Since none of those particular languages have any impact on the history of English, I’m

not going to dwell on those debates here.

Also, another language group, known as Phrygian, is listed on the family tree on the website,

but some illustrations omit that language group altogether.

Frankly, so little is known about the language at this time that some linguists don’t even

include it at all.

Again, for our purposes, Phrygian had no significant impact on English, so I’m not going to mention

it further.

I spent a large portion of the last podcast episode talking about Sanskrit and Persian,

so let me mention a couple of things about those languages before we move on to the other

languages in the Indo-European family tree.

Persian is part of the branch which is typically called the Iranian branch since it represents

languages which are native to modern-day Iran.

This includes the ancient Persian language spoken within the Persian Empire during the

times of the ancient Greeks and Romans.

It also includes most of the modern Iranian languages, including Farsi.

Remember that, despite the common religion, Iran is not an Arabic country.

Ethnically and linguistically, it’s different.

Arabic is not an Indo-European language.

It’s a Semitic language of the Middle East.

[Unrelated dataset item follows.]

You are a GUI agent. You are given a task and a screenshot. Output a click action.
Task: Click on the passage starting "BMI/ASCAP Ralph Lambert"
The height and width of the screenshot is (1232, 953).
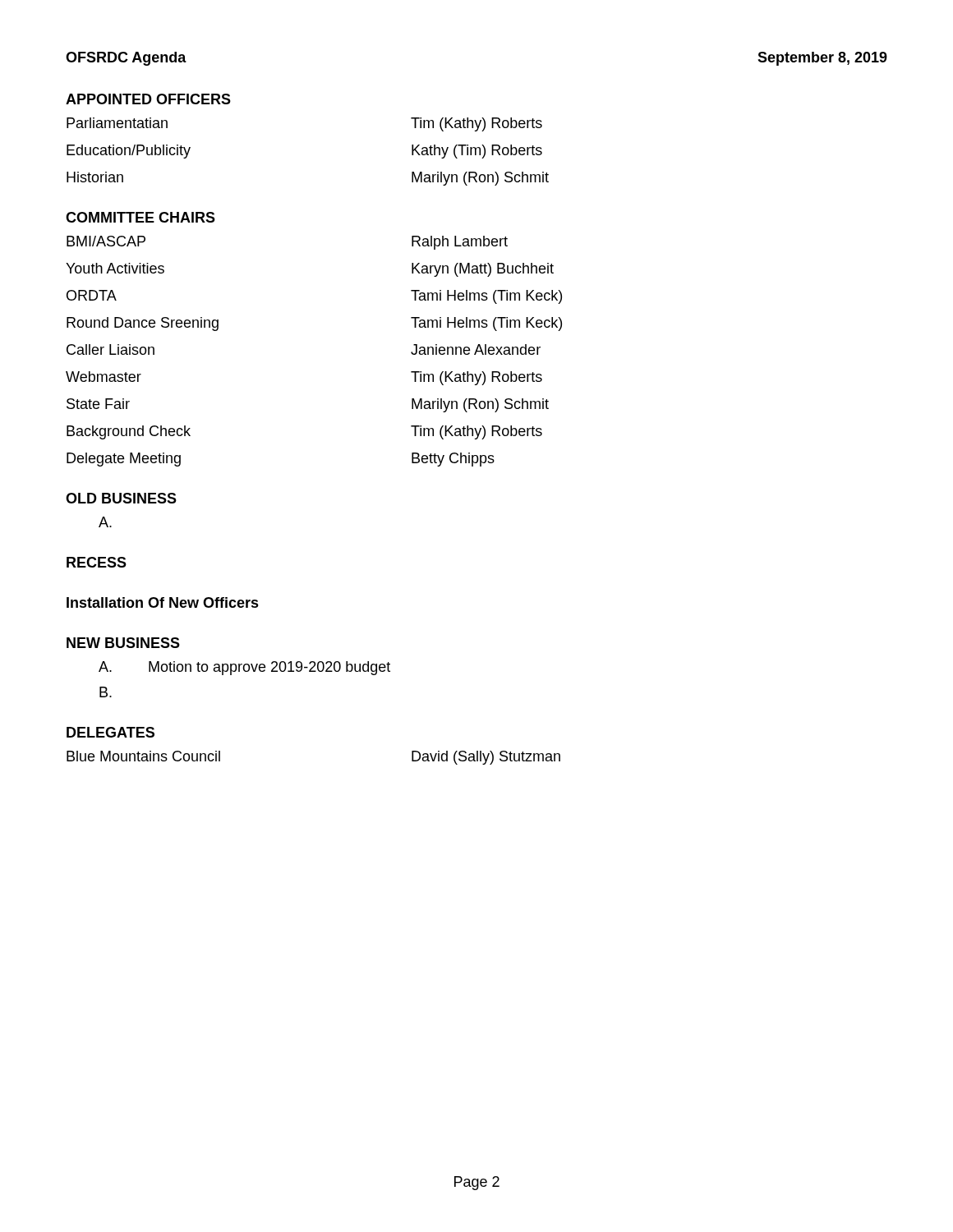tap(111, 242)

To the south and east of the Persian language family, we have the Indian language family,

which includes languages spoken primarily in northern and central India.

Of course, this includes Sanskrit, which we’ve previously discussed, as well as modern Indian

languages like Hindi and Urdu.

The family tree also includes the Albanian language spoken in Albania.

Modern Albanian is the only language in that branch of the family tree.

Another branch of the tree which only contains one language is Armenian.

It contains the modern Armenian language which is spoken in Armenia, which is located south

of the Caucasus Mountains between the Black Sea and the Caspian Sea.

There are two other branches which represent languages which are long extinct as actively

spoken languages.

The Hittites of modern Turkey are mentioned in the Old Testament of the Bible.

In the early 1900s, a set of cuneiform inscriptions from the Hittite Empire were discovered and

deciphered.

It turned out, much to the surprise of many linguists, that the Hittite language was in

fact an Indo-European language.

It is, in fact, the oldest attested Indo-European language.

Another long extinct Indo-European language was also discovered in the early 1900s in

the deserts of the Xinjiang region in northwestern China.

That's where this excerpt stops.